Compared with performances of tests in previous studies and meta-analyses with biopsy as the gold standard, the APRI, FIB-4, GP and LSM showed better performances for diagnosis of significant fibrosis, while less value for diagnosis of cirrhosis by LCM-R (latent class model with a random-factor) model (
14,
15,
20,
24,
26,
33). Models using LCM without random effects for significant fibrosis and cirrhosis did not fit the observed distribution (P value of L
2 was less than 0.05,
Table 5), which suggested a random effect due to dependency among tests (as expected due to previous validation of APRI, FIB-4, GP and LSM by biopsy). In the LCM-R model assessment, relative performances of APRI, FIB-4, GP and LSM would be helpful in the absence of a gold standard.

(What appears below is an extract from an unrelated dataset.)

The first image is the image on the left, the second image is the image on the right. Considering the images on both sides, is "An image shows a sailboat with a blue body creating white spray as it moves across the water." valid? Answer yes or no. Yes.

5.1. Impaired Sources of Major Variability Among Tests
To identify the strength of LCM for estimation, we considered random effect of initial dependency among noninvasive fibrosis tests and discovered their paired residual. As previously estimation mentioned above, bivariate residuals of LSM-APRI and LSM-FIB-4 were the impaired source in modeling for significant fibrosis. The rational explanation might be that necrosis and inflammation increase LSM independent of fibrosis stages (
34) and ALT increases LSM linearly in chronic hepatitis B patients at any fibrosis stage (
35). In spite of exclusion of patients with obviously increased aminotransferase in this study, we still needed to think over recessive necrosis, inflammation and steatosis in liver. The LSM-GP pair was the most important residual for diagnosis of cirrhosis. PLT was usually significantly influenced in the later period of cirrhosis with hypersplenism, which would make GP disable to distinguish earlier cirrhosis.
5.2. Limitations
As a diagnosis-evaluation, this study could not give the AUROC of each test, because LCM-R could only give an estimation of test performance, which was the main limitation of this method. There was no confidence interval for the LCM-derived sensitivity and specificity estimates, because these estimates were calculated from combinations of conditional probabilities, which had individual maximum-likelihood and estimated standard errors. During the analysis of the tests, bivariate residuals of LSM-APRI, LSM-FIB-4 and LSM-GP impaired the fit of models; therefore, more studies should be performed to identify the causes of high discordances rates between these pairs including their intra- and inter-observers variability. The cut-off of all tests had been controversial in different studies, which were still not unanimous. Much more clinic researches are needed to get accurate cut-off and raise the diagnostic efficacy. In this study, we quoted the WHO HBV guideline and strict meta-analysis to define the cut-offs for the tests. Liver biopsy was not performed in this study, so we could not compare and verify assessment of tests between traditional analysis according to liver biopsy as a gold standard and model-estimation using LCM-R. In spite of these limitations, this study was estimation and verification of the tests and the performances cannot represent the true status, but we believe it is approximate to the truth.
5.3. Conclusions
In this model without gold standard, high specificity and sensitivity (> 90%) of FIB-4 were confirmed for diagnosis of significant fibrosis. APRI also had sub-optimal diagnosis accuracy (sensitivity > 90%, specificity > 70%) for significant fibrosis. LSM showed the best diagnosis value for cirrhosis with the highest sensitivity (37.03%) and well specificity (78.64%).
Through the estimation of above four noninvasive fibrosis tests by LCM-R model, we could get their diagnostic performances and relative dominance of each test in diagnosis and select the best or combined test to achieve the best accuracy for clinical application depending on their diagnostic values.